Suatu ketika Ummul Mukminin, Ummu Salamah radhiyallahu ‘anha bertanya kepada Rasulullah Shallallahu ‘alaihi wa sallam:

أَلِيَ أَجْرٌ أَنْ أُنْفِقَ عَلَى‎ ‎بَنِي أَبِي سَلَمَةَ، إِنَّمَا‎ ‎هُمْ بَنِيَّ. فَقاَلَ: أَنْفِقِي‎ ‎عَلَيْهِمْ، فَلَكِ أَجْرُ مَا‎ ‎أَنْفَقْتِ عَلَيْهِمْ

“Apakah aku mendapatkan pahala bila aku memberikan infak kepada anak-anak Abu Salamah [2]? Mereka itu anak-anakku sendiri.” Rasulullah bersabda: “Berilah infak kepada mereka, engkau akan mendapatkan pahala karena memberikan infak kepada mereka.” (HR. Al-Bukhari no. 1467 dan Muslim no. 2317)

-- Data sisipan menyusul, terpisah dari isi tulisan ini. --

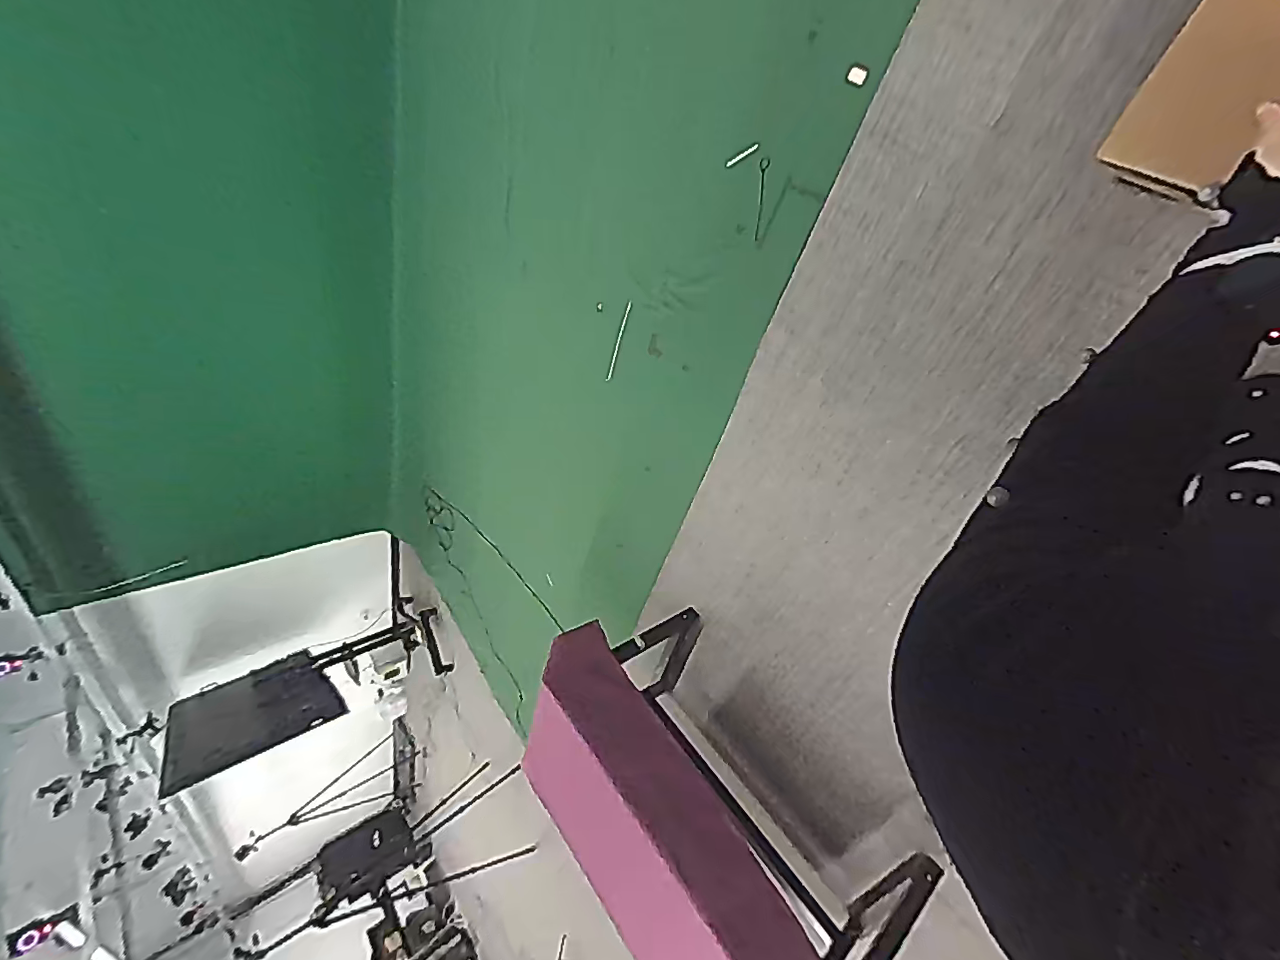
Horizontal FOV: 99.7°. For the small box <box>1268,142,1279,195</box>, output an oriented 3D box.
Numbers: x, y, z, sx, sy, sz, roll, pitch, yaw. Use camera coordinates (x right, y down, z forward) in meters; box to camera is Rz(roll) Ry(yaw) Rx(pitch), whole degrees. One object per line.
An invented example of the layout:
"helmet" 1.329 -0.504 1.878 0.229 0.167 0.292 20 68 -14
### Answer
"small box" 0.740 -0.335 0.490 0.168 0.176 0.179 48 134 27

Wallahu a’lam bish-shawab.

Penulis : Al-Ustadzah Ummu Ishaq Al-Atsariyyah

Footnote:

[1] Ketika ditanya sehubungan dengan masalah Zainab Ats-Tsaqafiyyah radhiyallahu ‘anha, apakah seorang istri boleh memberikan sedekahnya kepada suaminya. Beliau Shallallahu ‘alaihi wa sallam menyatakan kebolehannya tanpa mempertanyakan apakah sedekah tersebut sedekah yang sunnah atau sedekah yang wajib (zakat).

[2] Suaminya yang telah meninggal dunia.